El vuelo del ruiseñor

Seguía sintiéndose pequeño, pero no tanto como cuando tenía diez y su padre, señor de un peñasco, recibió el gran honor de Lord Hoster Tully como agradecimiento a sus servicios prestados durante la Rebelión. Le habían apartado de su familia y entregado a Aguas Dulces, y nunca se arrepentiría.

No, porque ahí había empezado su vida. Desde ese instante supo que nunca más volvería a sentirse humillado o despreciado por ser tan pequeño y de tan baja extracción. Con sus propias manos se había abierto camino entre esa maraña de hilos cortesanos, hasta convertirse en alguien importante, en un miembro de la corte real. Hasta ser imprescindible, irreemplazable.

Sí, ese crío pequeño y sin talento para luchar se había convertido en todo un señor, orgulloso y taimado, pero agradecido. Sabía cuál era su sitio y a dónde quería llegar, y cómo usar las piezas del tablero, hacerlas bailar sin que supieran que él las movía. Sabía ser amable y cortés, todas sonrisas y palabras dulces, pero capaz de clavar un puñal en la oscuridad. El conocimiento era su poder.

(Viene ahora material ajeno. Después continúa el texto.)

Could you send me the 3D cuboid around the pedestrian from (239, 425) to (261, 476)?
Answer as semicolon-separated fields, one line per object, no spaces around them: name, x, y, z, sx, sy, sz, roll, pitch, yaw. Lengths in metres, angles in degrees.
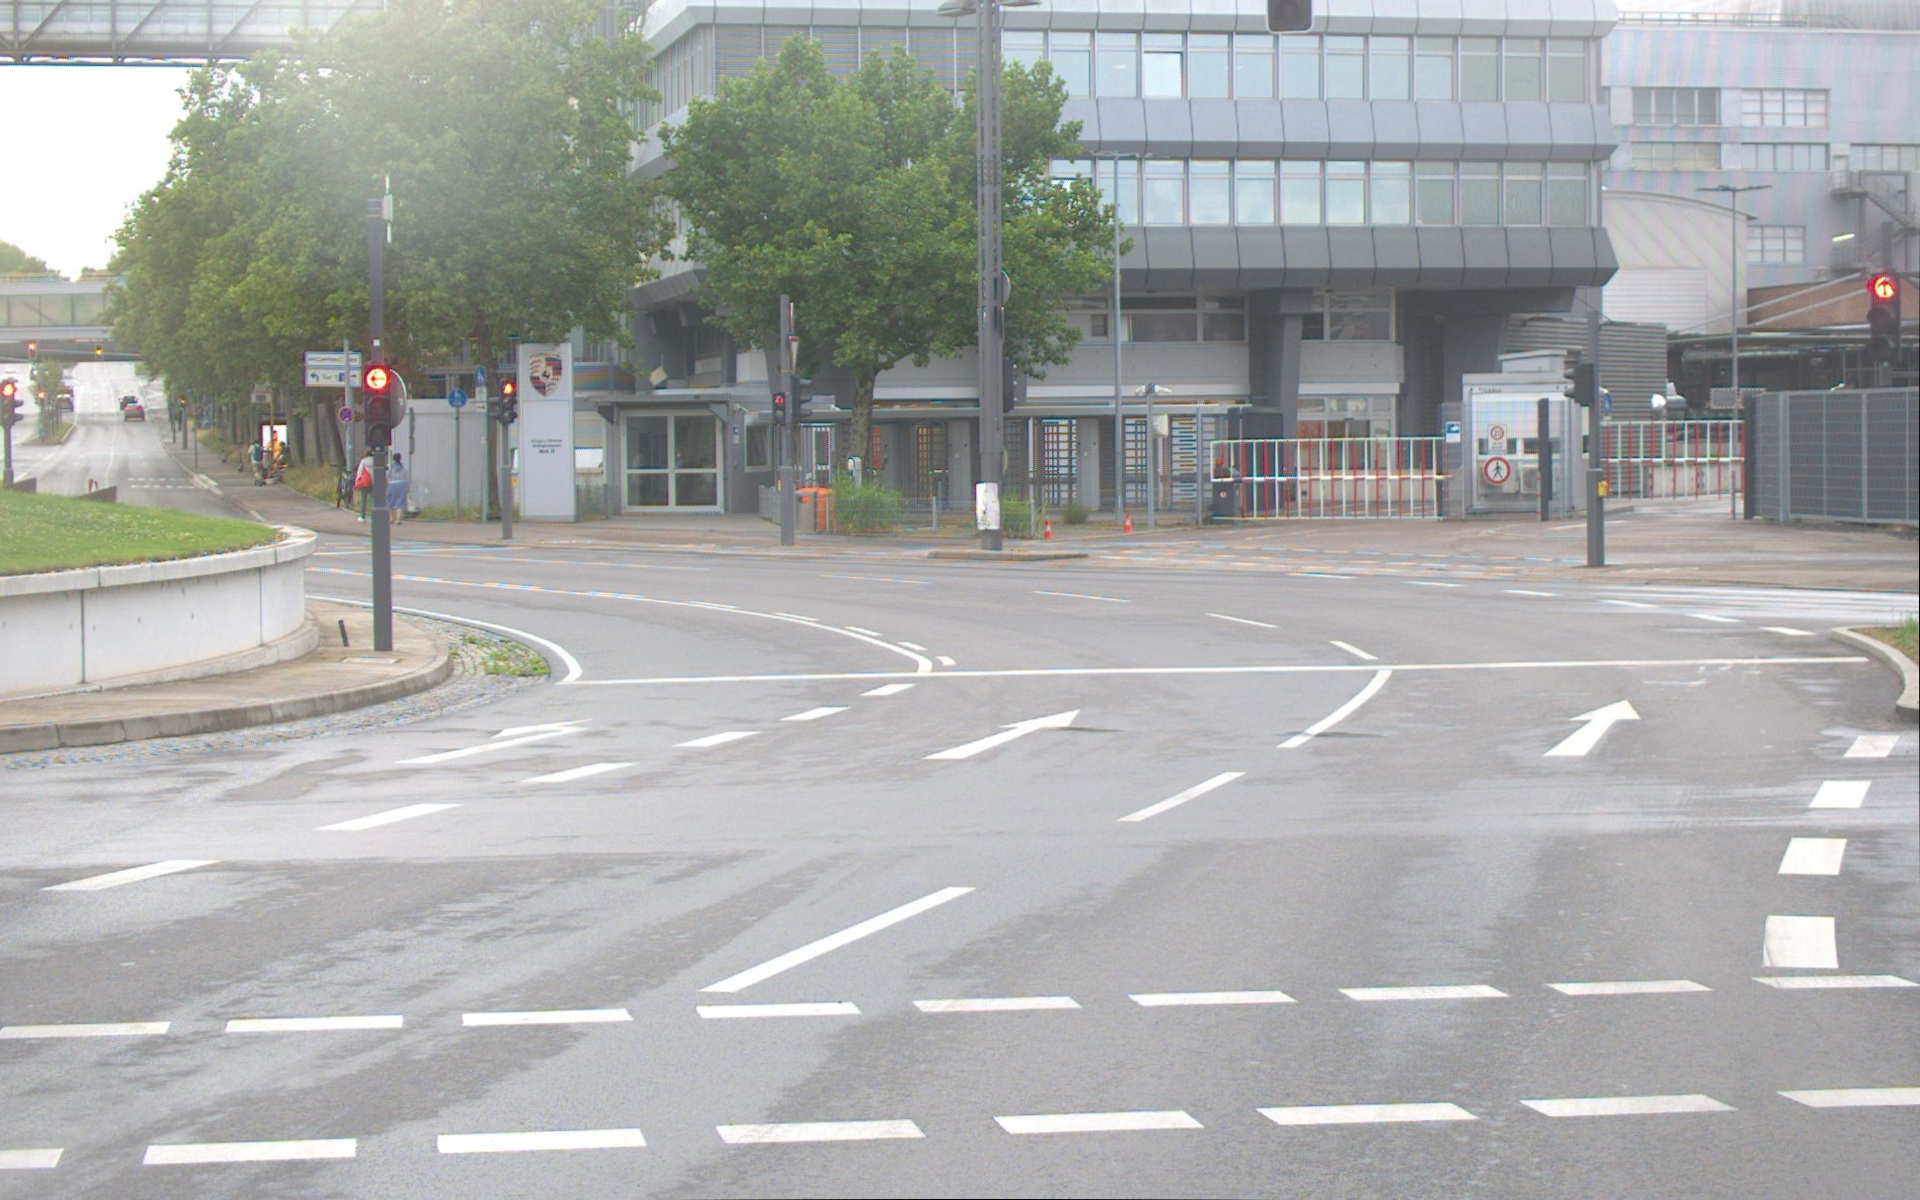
pedestrian;-24.719;-5.199;119.651;0.711;1.734;0.760;1;0;-14

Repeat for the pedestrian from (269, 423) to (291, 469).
pedestrian;-25.794;-5.836;130.442;0.757;1.734;0.714;1;0;-10

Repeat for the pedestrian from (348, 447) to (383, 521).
pedestrian;-12.905;-2.520;74.602;0.709;1.586;0.841;-1;3;-9

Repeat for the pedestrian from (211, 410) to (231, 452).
pedestrian;-35.658;-8.154;165.950;0.765;2.006;0.692;0;2;3

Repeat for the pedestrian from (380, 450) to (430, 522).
pedestrian;-11.946;-2.458;73.988;0.831;1.515;0.842;-2;3;-24

Hubo una vez en la que todo lo que había querido era el amor, una doncella que le quisiese a él, que desafiase a sus padres por amarle, que luchase por tener su mano, como había hecho él. Pero sólo había recibido reproches y rechazos, además de unas aparatosas cicatrices que aún le dolían más allá del corazón. Había sufrido y había llorado, le habían arrebatado aquello que más deseaba, pero algún día se alzaría, más alto, más fuerte, más poderoso, por encima de aquellos que le habían humillado, para reclamar su premio. Y nunca le había importado el precio.

Sentado en el trono del Nido de Águilas, contemplaba la imagen de quien nunca podría tener, un reflejo desvaído, pero aún vivo, aún tierno y cálido, reconfortante. Sí, había logrado títulos, tierras y castillos, pero la había perdido a ella, a su amor. Pero se había hecho con algo aún mejor. Más joven y más hermosa, inocente y desamparada, sólo para él. Y lo sabía, no tenía lugar al que ir, pero él la cuidaría, y algún día, lejano aún, se alzaría con su recompensa, más alto que ningún otro señor, más alto que el vuelo de un ruiseñor.